Let's rerun everything but this time with the random search. Scikit-learn provides RandomSearchCV to do that. As usual, you will have to import the necessary dependencies for that.

In [35]:
from sklearn.model_selection import RandomizedSearchCV

In [36]:
random = RandomizedSearchCV(estimator=lr, param_distributions=param_grid, cv = 3, n_jobs=-1)

start_time = time.time()
random_result = random.fit(X, y)
# Summarize results
print("Best: %f using %s" % (random_result.best_score_, random_result.best_params_))
print("Execution time: " + str((time.time() - start_time)) + ' ms')

Best: 0.769531 using {'max_iter': 140, 'dual': False, 'C': 2.5}
Execution time: 0.2609708309173584 ms


15 fits failed out of a total of 30.
The score on these train-test partitions for these parameters will be set to nan.
If these failures are not expected, you can try to debug them by setting error_score='raise'.

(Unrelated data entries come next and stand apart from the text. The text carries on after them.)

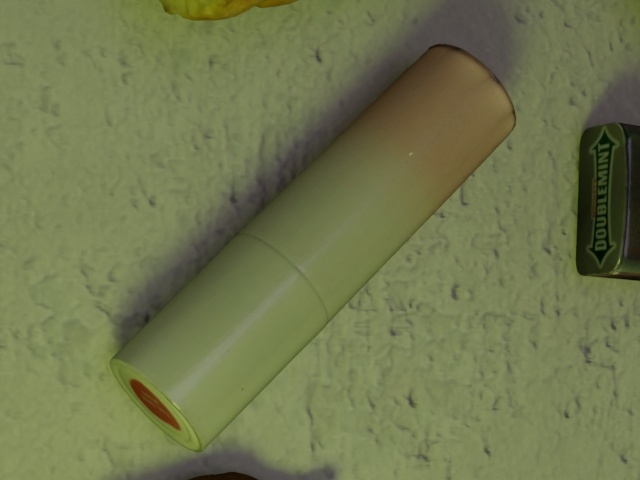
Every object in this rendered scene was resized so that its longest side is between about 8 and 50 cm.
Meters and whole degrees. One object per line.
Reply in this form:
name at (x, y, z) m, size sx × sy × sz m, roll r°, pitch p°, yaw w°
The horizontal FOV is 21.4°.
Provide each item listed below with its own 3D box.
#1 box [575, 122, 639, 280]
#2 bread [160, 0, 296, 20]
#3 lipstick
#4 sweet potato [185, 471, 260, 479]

Below are more details about the failures:
--------------------------------------------------------------------------------
15 fits failed with the following error:
Traceback (most recent call last):
  File "C:\Users\LENOVO\anaconda3\Lib\site-packages\sklearn\model_selection\_validation.py", line 732, in _fit_and_score
    estimator.fit(X_train, y_train, **fit_params)
  File "C:\Users\LENOVO\anaconda3\Lib\site-packages\sklearn\base.py", line 1151, in wrapper
    return fit_method(estimator, *args, **kwargs)
           ^^^^^^^^^^^^^^^^^^^^^^^^^^^^^^^^^^^^^^
  File "C:\Users\LENOVO\anaconda3\Lib\site-packages\sklearn\linear_model\_logistic.py", line 1168, in fit
    solver = _check_solver(self.solver, self.penalty, self.dual)
             ^^^^^^^^^^^^^^^^^^^^^^^^^^^^^^^^^^^^^^^

That's it! The random search yielded the same accuracy but in a much lesser time.

# Conclusion and Further Reading

In this tutorial, you learned about parameters and hyperparameters of a machine learning model and their differences as well. You also got to know about what role hyperparameter optimization plays in building efficient machine learning models. You built a simple Logistic Regression classifier in Python with the help of scikit-learn.

You tuned the hyperparameters with grid search and random search and saw which one performs better.